Pharmacology Departement, Medicine University, Monastir, Tunisia.
Fundam Clin Pharmacol. 2010 Aug;24(4):429-32. doi: 10.1111/j.1472-8206.2009.00794.x. Epub 2009 Nov 18.
We report a case of acute generalized exanthematous pustulosis (AGEP) after cefotaxime use confirmed by a positive patch test. A 30-year-old woman received cefotaxime, fosfomycin and ciprofloxacin for sinusitis. Twelve days after drug initiation, she developed an extending pustular erythema associated with fever. Laboratory investigations showed marked leukocytosis. His blood chemistry was normal. The histological examination showed parakeratosis, spongiosis and nonfollicular intra-epidermal pustules consistent with AGEP. All medications were withdrawn. The symptoms resolved within 11 days after cefotaxime discontinuation. Patch tests were positive to cefotaxime after 48 h, while ciprofloxacin and fosfomycin yielded negative findings. Based on the Naranjo algorithm, it is probable that AGEP reaction was caused by cefotaxime. To our knowledge, this is the first reported case of AGEP associated with positive cefotaxime patch testing.

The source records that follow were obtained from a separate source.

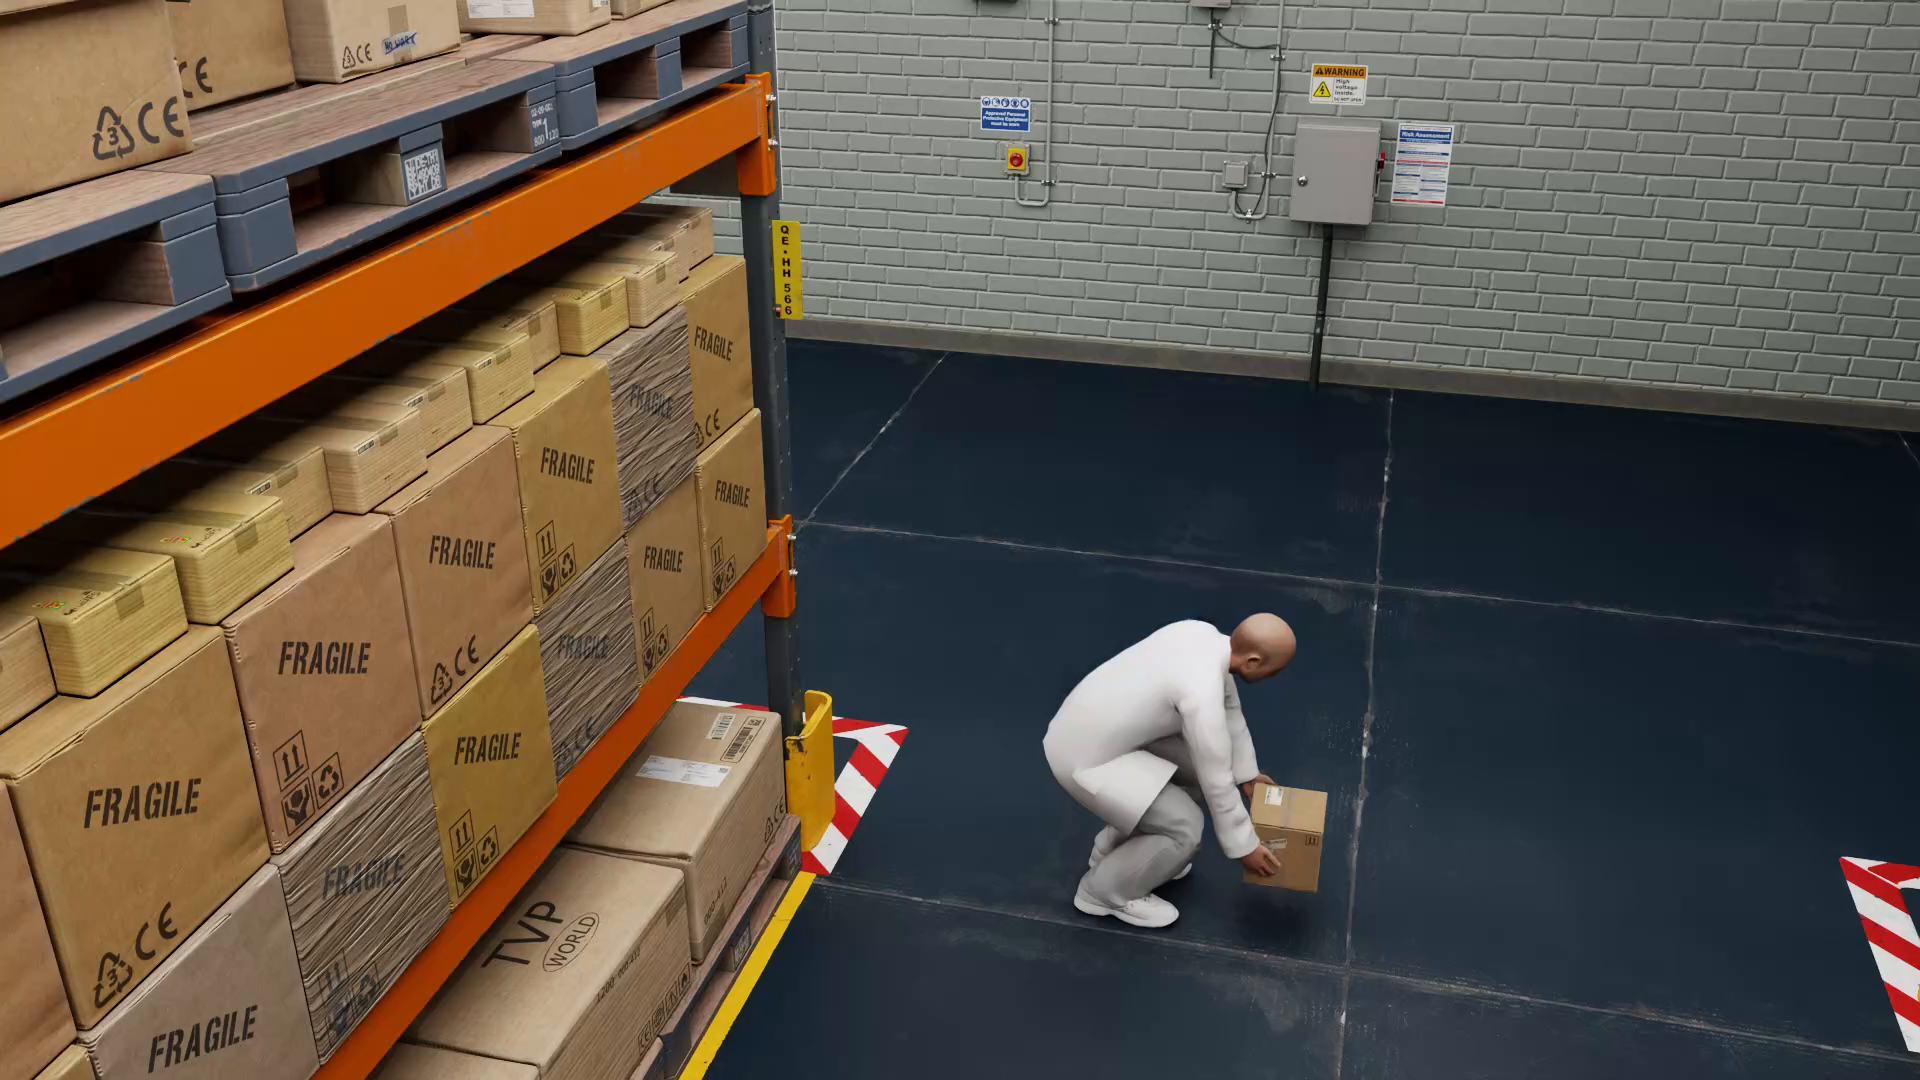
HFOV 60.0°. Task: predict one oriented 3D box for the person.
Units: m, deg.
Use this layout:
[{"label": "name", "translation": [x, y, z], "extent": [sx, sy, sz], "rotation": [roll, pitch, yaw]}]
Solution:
[{"label": "person", "translation": [0.718, 0.758, 5.770], "extent": [0.850, 1.129, 0.620], "rotation": [6, 26, 13]}]

我们报告了一例头孢噻肟使用后确诊的急性泛发性发疹性脓疱病(AGEP),其阳性斑贴试验结果也证实了这一点。一名 30 岁女性因鼻窦炎接受头孢噻肟、磷霉素和环丙沙星治疗。用药 12 天后,她出现了扩展的脓疱性红斑,并伴有发热。实验室检查显示白细胞显著增多。血液化学检查正常。组织学检查显示角化不全、海绵形成和非滤泡性表皮内脓疱,符合 AGEP 的特征。所有药物均被停用。头孢噻肟停药后 11 天内症状缓解。头孢噻肟在 48 小时后斑贴试验阳性,而环丙沙星和磷霉素则为阴性。根据 Naranjo 算法,头孢噻肟引起 AGEP 反应的可能性较大。据我们所知,这是首例与头孢噻肟阳性斑贴试验相关的 AGEP 病例报告。